Imboccò le scale e le salì fino a scomparire dalla vista di tutti.
“Bene…
cosa diavolo vi è saltato in mente di dire certe cose davanti a Ginny?” chiese
Bill irritato. Era sempre stato il più protettivo nei confronti di sua sorella Ginevra, ed era anche il suo confidente, così
sapeva che lei soffriva ancora per Harry nonostante fossero passati cinque
anni. Era cresciuta, era diventata una splendida ventunenne, ormai donna,
fisicamente e caratterialmente, e se da piccola era una ragazzina graziosa, ora
era una donna bellissima, una di quelle che facevano voltare gli uomini quando passava loro accanto. Aveva decine di
pretendenti, e lui proprio non capiva perché si ostinasse così
tanto con Harry. Perché non voleva capire che
tra loro era finita? Harry era uscito con altre ragazze nel frattempo, seppur
non fosse andata benissimo con nessuna di loro. Lei invece si
era chiusa in se stessa, rifiutando qualsiasi contatto con qualcuno che non
fosse Harry. Ma cosa aveva Harry di così
speciale per Ginny? Non era certo una ragazzina stupida come tutte le altre che
bramavano di sposare il moro solo perché era famoso, e perché era “Il prescelto”
o “Il ragazzo sopravvissuto”. Per Ginny queste cose non contavano. Lei non
amava Harry perché era famoso e ricco. Lei amava Harry perché era lui. Se al
posto di Harry ci fosse stato qualcun altro, lei si sarebbe comunque
innamorata di Harry, prescelto o no.
Il flusso
di pensieri di Bill fu interrotto da mamma Weasley, Molly,
che entrò in cucina ciabattando e portando alcune buste piene di cianfrusaglie babbane.
“Mamma,
cos’è quella roba?” chiese Ron allungando il collo per sbirciare dentro i
sacchetti di plastica.
Molly
sorrise ai figli, trionfante. “Vostro padre dorme, ne sto approfittando per
fare ordine in soffitta… tutte queste chincaglierie
prendono solo spazio, e non servono a niente. Oh… non fare quella faccia Bill. Arthur ha tante di quelle cose babbane che non se ne accorgerà nemmeno che manca qualcosa in soffitta. Anche
perché lui non entra in soffitta da qualche secolo...”

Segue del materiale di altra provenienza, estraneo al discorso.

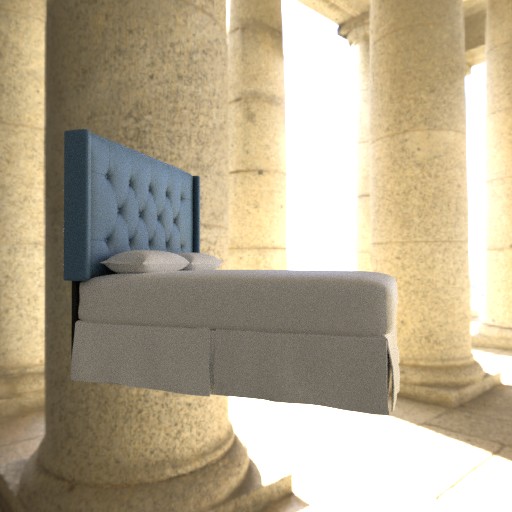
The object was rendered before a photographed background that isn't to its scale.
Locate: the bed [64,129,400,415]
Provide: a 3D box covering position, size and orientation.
[{"bbox_3d":[0.000,0.000,3.368,2.078,1.665,1.719,0,-1,18],"label":"bed"}]

spiegò appoggiando le borse sul tavolo e sospirando.
Era da tanto che voleva mettere un po’ di ordine.
Fred e
George, senza nemmeno chiedere il permesso, cominciarono ad estrarre gli
oggetti dalle buste, incuriositi. “Ma cosa se ne fa davvero di questa roba?”
chiese Fred accigliato, esaminando una caffettiera arrugginita e mancante di alcuni pezzi. Molly fece spallucce, poi guardò Harry. “Oh, Harry caro, sei sveglio.
Buon compleanno, tesoro” disse abbracciandolo, stritolandolo per benino. “Gra…
zie… M… Mo…lly…” rispose lui tentando di respirare.
“Mamma,
così lo ammazzi… “ borbottò Ron, sfogliando un vecchio libro dalle pagine
ingiallite e la copertina marrone di pelle.
Hermione,
rientrata poco prima insieme a Ginny, osservò il libro e sorrise. “Ti piacciono
le fiabe babbane, Ronald?” chiese divertita.
Ron la
guardò accigliato. “No, mi fanno schifo…”
Molly
scosse il capo. “Quel libro l’ho trovato in camera di Ginny… è meglio buttarlo.”
Bill non
era d’accordo. “Mamma a Ginny piacciono le fiabe da quando
aveva pochi anni, perché vuoi privarla del libro?”. “Oh, caro… Ginny ha ventuno
anni, no? E’ ora di lasciarsi dietro le fiabe. Se continua di questo passo rimarrà sempre bambina, non crescerà mai, non… non
troverà mai un marito…” disse infine con gli occhi pieni di lacrime. Farfugliò
uno strozzato “scusate” e ciabattò fuori dalla stanza,
in preda ai singulti.
“Ginny
dovrebbe finirla con le fiabe…” cominciò Fred.
“… come
mamma dovrebbe smetterla di piangere ogni tre secondi per cose inutili.” Finì George, addentando un biscotto di zucca.
Fleur e la
piccola Virginia tornarono in cucina. “Oh, cos’è
questo sudiscio libroò? Toglietelo per favore, Virginia deve fare colazione…” disse
la moglie di Bill, stizzita. Hermione tolse il libro dal tavolo, ma non lo
rimise nei sacchi di cianfrusaglie babbane. “Questo è di
Ginny… glielo riporto.”
Harry la
vide avviarsi verso le scale, pensò tre secondi a qualcosa di
intelligente da dire, poi scattò in piedi e le si avvicinò velocemente. “Aspetta… aspetta… glielo porto io…”
Hermione
lo guardò qualche secondo, poi sorridendo gentilmente glielo
porse. “Vai, diavolo. E non farla arrabbiare di
nuovo.”
Harry
osservò il libro, stringendolo tra le mani. Poi annuì verso la brunetta e salì
velocemente le scale, saltando i gradini a tre a tre.
“Beh…
finalmente s’è deciso.” fu tutto ciò che disse Bill,
mentre imboccava sua figlia, seduta in braccio a lui.